Thus, the same reference characters of FIG. 6 will be used
throughout FIG. 11 to refer to the same or like parts.
[0094] In FIG. 11, the data sensing unit 1140 may be connected with
a word line and the other end of the memory cell 1120. The data
sensing unit 1140 may be configured to sense sensing current ISEN
which flows through the memory cell 1120, in response to a word
line select signal WLS. The data sensing unit 1140 is activated
when the word line select signal WLS is enabled or a word line is
enabled, and receives the sensing current ISEN flowing through the
memory cell 1120 when activated. Also, the data sensing unit 1140,
which senses the sensing current ISEN flowing through the memory
cell 1120, generates a data output signal DOUT. Accordingly, as the
nonvolatile memory apparatus 5 may include the data sensing unit
1140 which directly receives the word line select signal WLS, it is
not necessary to provide a row switch, unlike the nonvolatile
memory apparatus 2 of FIG. 6. Therefore, since a row switch may be
omitted in the nonvolatile memory apparatus 5, the nonvolatile
memory apparatus 5 may secure a wider circuit area than the
nonvolatile memory apparatus 2.
[0095] The word line select signal WLS which is used in the
nonvolatile memory apparatus 5 may be disabled earlier than a bit
line select signal BLS. The word line select signal WLS may have a
narrower pulse width than a general word line select signal which
is generated on the basis of a row address signal.
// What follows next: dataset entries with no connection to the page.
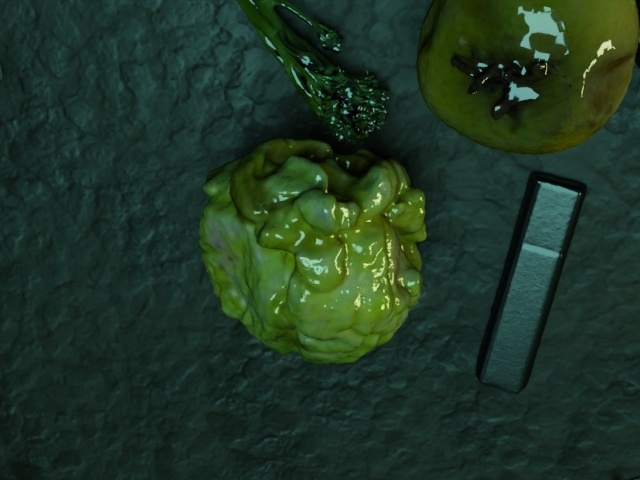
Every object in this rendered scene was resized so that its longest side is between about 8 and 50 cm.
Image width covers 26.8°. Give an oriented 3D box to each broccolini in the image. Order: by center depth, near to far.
[{"bbox_3d":[-0.057,-0.263,1.315,0.392,0.074,0.079,57,150,-13],"label":"broccolini"}]

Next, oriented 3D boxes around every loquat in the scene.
[{"bbox_3d":[0.194,-0.179,1.227,0.213,0.213,0.213,3,112,7],"label":"loquat"}]

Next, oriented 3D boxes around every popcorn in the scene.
[{"bbox_3d":[0.000,0.000,1.326,0.259,0.212,0.259,27,127,41],"label":"popcorn"}]

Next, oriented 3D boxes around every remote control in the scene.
[{"bbox_3d":[0.219,0.047,1.413,0.063,0.025,0.245,15,113,7],"label":"remote control"}]

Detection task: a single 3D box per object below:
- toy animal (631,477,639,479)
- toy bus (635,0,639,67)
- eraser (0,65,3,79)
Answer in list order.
[{"bbox_3d":[0.337,0.288,1.489,0.084,0.028,0.050,-12,101,14],"label":"toy animal"},{"bbox_3d":[0.322,-0.249,1.252,0.077,0.079,0.174,-9,111,1],"label":"toy bus"},{"bbox_3d":[-0.415,-0.157,1.380,0.150,0.104,0.023,-6,110,11],"label":"eraser"}]
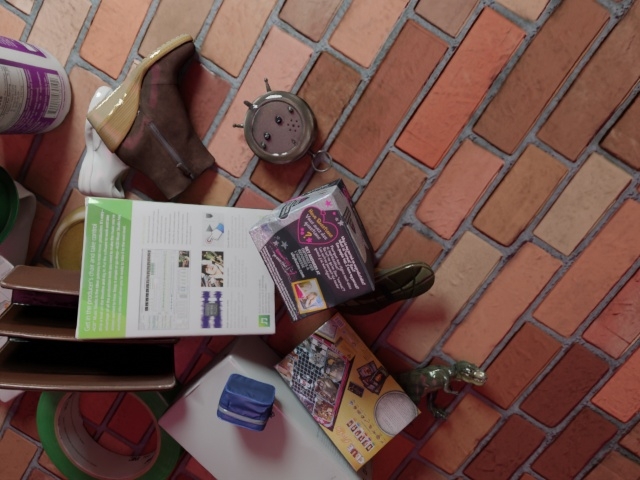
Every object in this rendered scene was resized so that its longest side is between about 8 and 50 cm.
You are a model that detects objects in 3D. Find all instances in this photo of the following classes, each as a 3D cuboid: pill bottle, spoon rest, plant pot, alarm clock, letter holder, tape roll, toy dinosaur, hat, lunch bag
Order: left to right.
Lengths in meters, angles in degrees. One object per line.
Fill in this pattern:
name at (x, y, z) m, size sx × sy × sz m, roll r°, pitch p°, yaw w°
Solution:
hat at (-0.637, -0.074, 0.769) m, size 0.172 × 0.183 × 0.209 m, roll 28°, pitch 91°, yaw 9°
pill bottle at (-0.575, -0.260, 0.766) m, size 0.169 × 0.301 × 0.170 m, roll 1°, pitch 103°, yaw 7°
spoon rest at (-0.650, -0.013, 0.957) m, size 0.137 × 0.084 × 0.276 m, roll 39°, pitch 117°, yaw -2°
letter holder at (-0.404, 0.155, 0.825) m, size 0.301 × 0.214 × 0.152 m, roll 8°, pitch 98°, yaw -20°
plant pot at (-0.450, 0.042, 0.959) m, size 0.235 × 0.032 × 0.237 m, roll 1°, pitch 102°, yaw 6°
tape roll at (-0.445, 0.396, 1.014) m, size 0.320 × 0.077 × 0.322 m, roll 2°, pitch 103°, yaw 7°
lunch bag at (-0.124, 0.282, 0.800) m, size 0.098 × 0.067 × 0.065 m, roll 19°, pitch 102°, yaw 0°
alarm clock at (-0.058, -0.192, 0.846) m, size 0.192 × 0.064 × 0.129 m, roll 37°, pitch 104°, yaw -5°
toy dinosaur at (0.195, 0.305, 0.929) m, size 0.267 × 0.064 × 0.118 m, roll -10°, pitch 96°, yaw 13°

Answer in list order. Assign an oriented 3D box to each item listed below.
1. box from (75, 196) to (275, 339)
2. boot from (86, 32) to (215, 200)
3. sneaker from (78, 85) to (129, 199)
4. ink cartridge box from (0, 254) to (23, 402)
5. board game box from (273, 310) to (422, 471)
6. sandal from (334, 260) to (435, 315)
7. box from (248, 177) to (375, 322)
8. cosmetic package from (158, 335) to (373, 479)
box at (-0.239, 0.051, 0.814) m, size 0.321 × 0.058 × 0.233 m, roll 3°, pitch 77°, yaw -22°
boot at (-0.269, -0.226, 0.861) m, size 0.248 × 0.090 × 0.207 m, roll -47°, pitch 115°, yaw -5°
sneaker at (-0.394, -0.180, 0.889) m, size 0.094 × 0.080 × 0.213 m, roll 13°, pitch 109°, yaw -10°
ink cartridge box at (-0.638, 0.174, 0.959) m, size 0.296 × 0.066 × 0.261 m, roll -31°, pitch 110°, yaw 15°
board game box at (0.050, 0.282, 0.892) m, size 0.165 × 0.042 × 0.243 m, roll -39°, pitch 81°, yaw -6°
sandal at (0.107, 0.081, 0.882) m, size 0.219 × 0.060 × 0.090 m, roll -23°, pitch 115°, yaw 23°
box at (0.000, 0.000, 0.784) m, size 0.142 × 0.247 × 0.164 m, roll -23°, pitch 99°, yaw 9°
cosmetic package at (-0.099, 0.392, 0.934) m, size 0.217 × 0.156 × 0.385 m, roll -41°, pitch 94°, yaw 13°
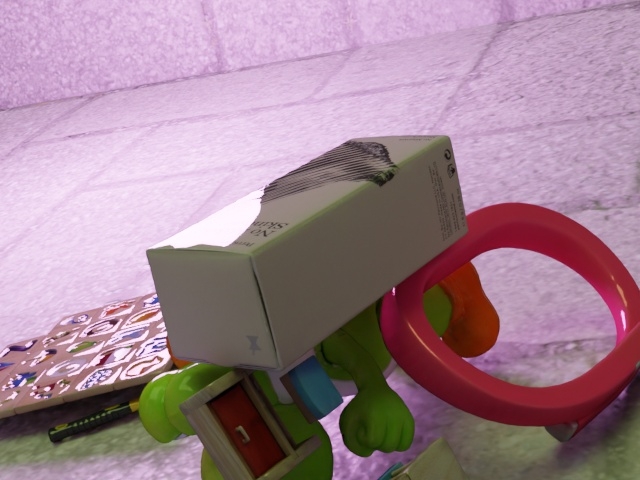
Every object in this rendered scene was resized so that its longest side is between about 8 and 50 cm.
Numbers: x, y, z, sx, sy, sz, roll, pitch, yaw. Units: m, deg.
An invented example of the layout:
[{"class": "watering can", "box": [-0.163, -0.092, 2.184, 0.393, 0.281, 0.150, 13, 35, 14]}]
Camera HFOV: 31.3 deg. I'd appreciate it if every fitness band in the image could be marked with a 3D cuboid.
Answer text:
[{"class": "fitness band", "box": [0.180, 0.064, 1.003, 0.209, 0.054, 0.291, 39, 41, 21]}]

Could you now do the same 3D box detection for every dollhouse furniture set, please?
[{"class": "dollhouse furniture set", "box": [-0.004, 0.161, 0.781, 0.129, 0.183, 0.129, -36, -5, 32]}]

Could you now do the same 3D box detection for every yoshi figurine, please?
[{"class": "yoshi figurine", "box": [0.002, 0.134, 1.010, 0.203, 0.203, 0.362, 41, 38, 25]}]

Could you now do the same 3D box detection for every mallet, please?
[{"class": "mallet", "box": [-0.186, 0.171, 1.168, 0.190, 0.039, 0.062, -23, 19, -8]}]

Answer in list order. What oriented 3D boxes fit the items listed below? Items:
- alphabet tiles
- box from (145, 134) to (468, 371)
[{"class": "alphabet tiles", "box": [-0.243, 0.118, 1.306, 0.343, 0.011, 0.285, -15, 15, 13]}, {"class": "box", "box": [0.000, 0.000, 0.906, 0.113, 0.094, 0.275, 1, 22, 37]}]

In other words,
because the word line select signal WLS is directly inputted to the
data sensing unit 1140, a configuration is made such that the word
line select signal WLS is disabled earlier than the bit line select
signal BLS to allow the sensing current ISEN flowing through the
memory cell 1120 to be sensed by the data sensing unit 1140.
[0096] FIG. 12 is a diagram showing the configuration of an example
of an embodiment of the data sensing unit 1140 of FIG. 11. In FIG.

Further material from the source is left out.